### [The task]
The reply should contain every entry exactly as given, with no pictures in it.

### [Listed records]
⁂

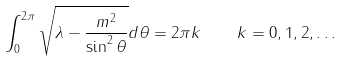<formula> <loc_0><loc_0><loc_500><loc_500>\int _ { 0 } ^ { 2 \pi } \sqrt { \lambda - \frac { m ^ { 2 } } { \sin ^ { 2 } \theta } } d \theta = 2 \pi k \quad k = 0 , 1 , 2 , \dots</formula> 
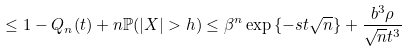<formula> <loc_0><loc_0><loc_500><loc_500>\leq 1 - Q _ { n } ( t ) + n \mathbb { P } ( | X | > h ) \leq \beta ^ { n } \exp { \{ - s t \sqrt { n } \} } + \frac { b ^ { 3 } \rho } { \sqrt { n } t ^ { 3 } }</formula> 
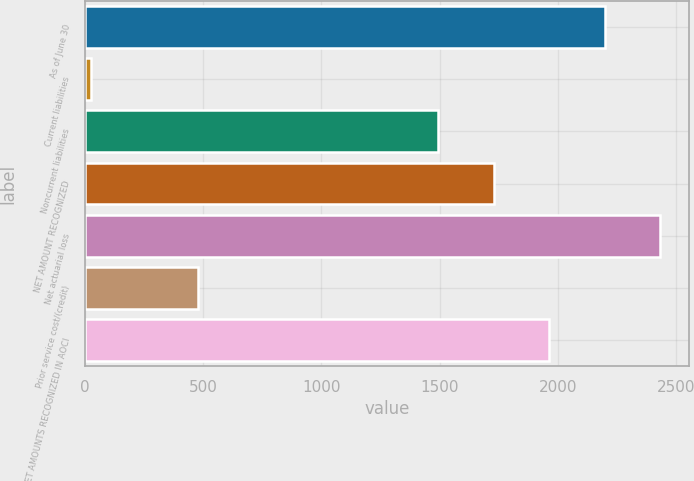Convert chart to OTSL. <chart><loc_0><loc_0><loc_500><loc_500><bar_chart><fcel>As of June 30<fcel>Current liabilities<fcel>Noncurrent liabilities<fcel>NET AMOUNT RECOGNIZED<fcel>Net actuarial loss<fcel>Prior service cost/(credit)<fcel>NET AMOUNTS RECOGNIZED IN AOCI<nl><fcel>2197.6<fcel>24<fcel>1495<fcel>1729.2<fcel>2431.8<fcel>478<fcel>1963.4<nl></chart> 
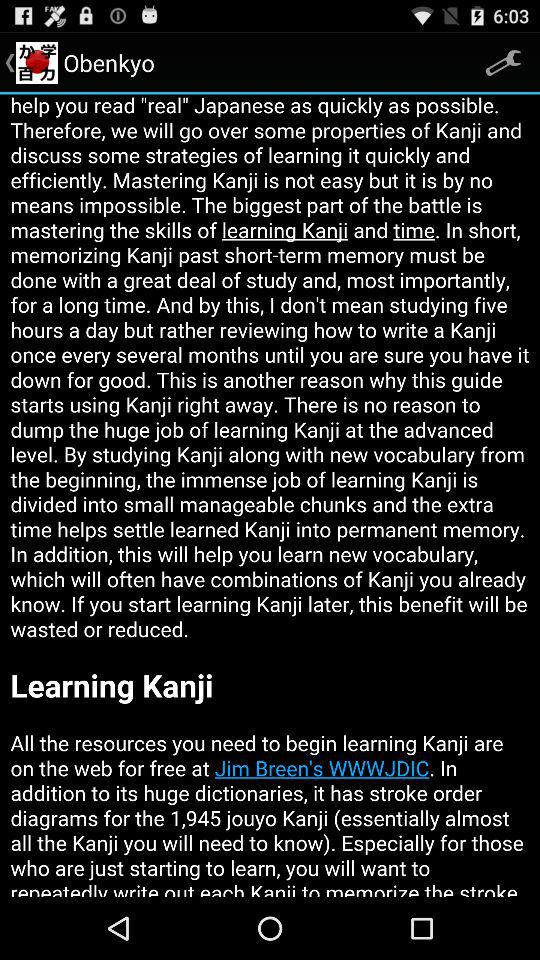What is the name of the learning subject? The name is "Kanji". 
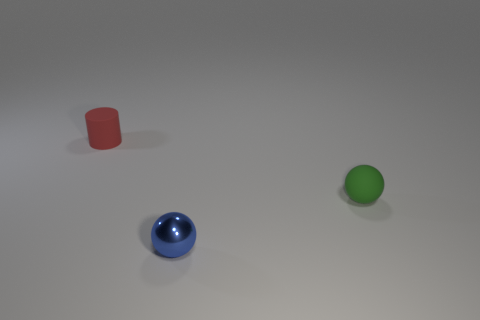Describe the surface upon which the objects are sitting. The objects are resting on a level surface that has a subtle texture, likely indicative of a solid platform within an indoor environment.

⁂

### [Output]
<formula> <loc_0><loc_0><loc_500><loc_500>\int _ { 0 } ^ { 2 \pi } \sqrt { \lambda - \frac { m ^ { 2 } } { \sin ^ { 2 } \theta } } d \theta = 2 \pi k \quad k = 0 , 1 , 2 , \dots</formula> 
<formula> <loc_0><loc_0><loc_500><loc_500>\leq 1 - Q _ { n } ( t ) + n \mathbb { P } ( | X | > h ) \leq \beta ^ { n } \exp { \{ - s t \sqrt { n } \} } + \frac { b ^ { 3 } \rho } { \sqrt { n } t ^ { 3 } }</formula> 
Convert chart to OTSL. <chart><loc_0><loc_0><loc_500><loc_500><bar_chart><fcel>As of June 30<fcel>Current liabilities<fcel>Noncurrent liabilities<fcel>NET AMOUNT RECOGNIZED<fcel>Net actuarial loss<fcel>Prior service cost/(credit)<fcel>NET AMOUNTS RECOGNIZED IN AOCI<nl><fcel>2197.6<fcel>24<fcel>1495<fcel>1729.2<fcel>2431.8<fcel>478<fcel>1963.4<nl></chart> 
What is the name of the learning subject? The name is "Kanji". 
Describe the surface upon which the objects are sitting. The objects are resting on a level surface that has a subtle texture, likely indicative of a solid platform within an indoor environment.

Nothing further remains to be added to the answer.